Nabilai Kibunguchy

Personal information
- Full name: Nabilai Absolom Kibunguchy
- Date of birth: 5 January 1998 (age 28)
- Place of birth: Elk Grove, California, U.S.
- Height: 1.91 m (6 ft 3 in)
- Position: Centre-back

Team information
- Current team: Indy Eleven
- Number: 36

Youth career
- 2015–2016: Sacramento Republic

College career
- Years: Team / Apps / (Gls)
- 2016–2019: UC Davis Aggies / 52 / (3)

Senior career*
- Years: Team / Apps / (Gls)
- 2019: San Francisco Glens / 11 / (0)
- 2021–2022: Minnesota United / 2 / (0)
- 2021: → Sacramento Republic (loan) / 16 / (1)
- 2022: Minnesota United 2 / 16 / (4)
- 2023–2024: Orlando City B / 53 / (4)
- 2025-2026: Hougang United / 24 / (3)
- 2026–: Indy Eleven / 0 / (0)

International career^{‡}
- 2016: United States U19 / 2 / (0)
- 2023–: Kenya / 1 / (0)

= Nabilai Kibunguchy =

Kenyan footballer (born 1998)

Nabilai Absolom Kibunguchy (born 5 January 1998), better known as just Nabi, is a professional footballer who plays primarily as a centre-back for Indy Eleven in the USL Championship. Primarily a centre-back, he is also capable of playing either as a right-back, defensive-midfielder and occasionally as a striker. Born in the United States, he has represented the Kenya national team.

==College career==
===Youth===
Kibunguchy was born and raised in Elk Grove, California. He was part of the Sacramento Republic from 2015 to 2016, where he made 30 appearances and scored a single goal.

===College===
Kibunguchy played college soccer at the University of California, Davis from 2016 to 2019. During his time with the Aggies, Kibunguchy made 52 appearances, scoring 3 goals and tallying 2 assists. Kibunguchy redshirted his freshman season following a season-ending injury and the Big West Conference was cancelled in 2020 due to the COVID-19 pandemic. During his college career, Kibunguchy was named All-Big West Conference First Team, Big West All-Freshman Team and Big West Conference All-Academic Team in 2017, and United Soccer Coaches All-Far West Region Second Team and All-Big West Conference First Team in 2019.

== Club career ==
In 2019, Kibunguchy appeared in the USL League Two with San Francisco Glens, where he earned a spot on the Western Conference All-Star Team.
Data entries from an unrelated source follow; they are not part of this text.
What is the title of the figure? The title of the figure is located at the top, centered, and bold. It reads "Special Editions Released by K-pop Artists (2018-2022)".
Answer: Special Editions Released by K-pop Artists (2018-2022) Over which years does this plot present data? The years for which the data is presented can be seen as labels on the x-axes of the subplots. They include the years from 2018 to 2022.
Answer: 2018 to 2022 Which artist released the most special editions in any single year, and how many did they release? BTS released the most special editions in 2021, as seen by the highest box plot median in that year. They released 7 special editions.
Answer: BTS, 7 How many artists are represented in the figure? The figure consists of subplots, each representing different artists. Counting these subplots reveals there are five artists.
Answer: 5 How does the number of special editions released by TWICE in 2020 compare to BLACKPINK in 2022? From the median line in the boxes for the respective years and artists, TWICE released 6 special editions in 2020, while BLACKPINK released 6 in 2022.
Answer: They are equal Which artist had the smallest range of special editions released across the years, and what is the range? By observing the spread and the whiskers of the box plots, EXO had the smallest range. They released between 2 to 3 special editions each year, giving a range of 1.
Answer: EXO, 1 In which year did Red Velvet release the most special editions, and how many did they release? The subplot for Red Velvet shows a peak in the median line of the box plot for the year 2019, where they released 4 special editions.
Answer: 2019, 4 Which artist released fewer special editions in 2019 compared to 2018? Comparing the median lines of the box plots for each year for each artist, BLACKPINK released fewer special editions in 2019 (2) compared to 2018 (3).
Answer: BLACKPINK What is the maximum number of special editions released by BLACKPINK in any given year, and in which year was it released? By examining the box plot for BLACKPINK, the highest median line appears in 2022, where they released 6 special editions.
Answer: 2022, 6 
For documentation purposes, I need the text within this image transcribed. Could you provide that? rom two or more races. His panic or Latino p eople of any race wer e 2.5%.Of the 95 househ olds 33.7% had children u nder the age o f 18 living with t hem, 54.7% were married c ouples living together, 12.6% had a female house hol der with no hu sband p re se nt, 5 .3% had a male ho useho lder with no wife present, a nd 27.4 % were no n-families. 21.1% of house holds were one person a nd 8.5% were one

On 21 January 2021, Kibunguchy was selected 18th overall in 2021 MLS SuperDraft by Minnesota United. He officially signed with the team on 3 April. On 27 May, Kibunguchy moved on loan to USL Championship side Sacramento Republic for the remainder of the 2021 season.

Following the 2022 season, his contract option was declined by Minnesota. Kibunguchy subsequently signed with Orlando City B in MLS Next Pro for the 2023 season. At the end of the 2024 season, Kibunguchy was not included in the 2025 roster.

=== Hougang United ===
On 31 August 2025, Kibunguchy signed with Singapore Premier League club Hougang United. He made his debut for the club on 19 September against Geylang International. On 22 November, he scored his first goal for the cheetahs in a 3-0 win against rivals Geylang International in the Singapore Cup 2025 group stage .

=== Indy Eleven ===
On 14 July 2026, Kibunguchy signed with Indy Eleven of the USL Championship.

==International career==
Born in the United States, both of Kibunguchy's parents are from Kenya. He is a former youth international for the United States, having played for the United States U19s in 2016.

Kibunguchy was called up to the Kenya national team for a set of 2026 FIFA World Cup qualification matches in November 2023 where he make his debut on 20 November against Seychelles.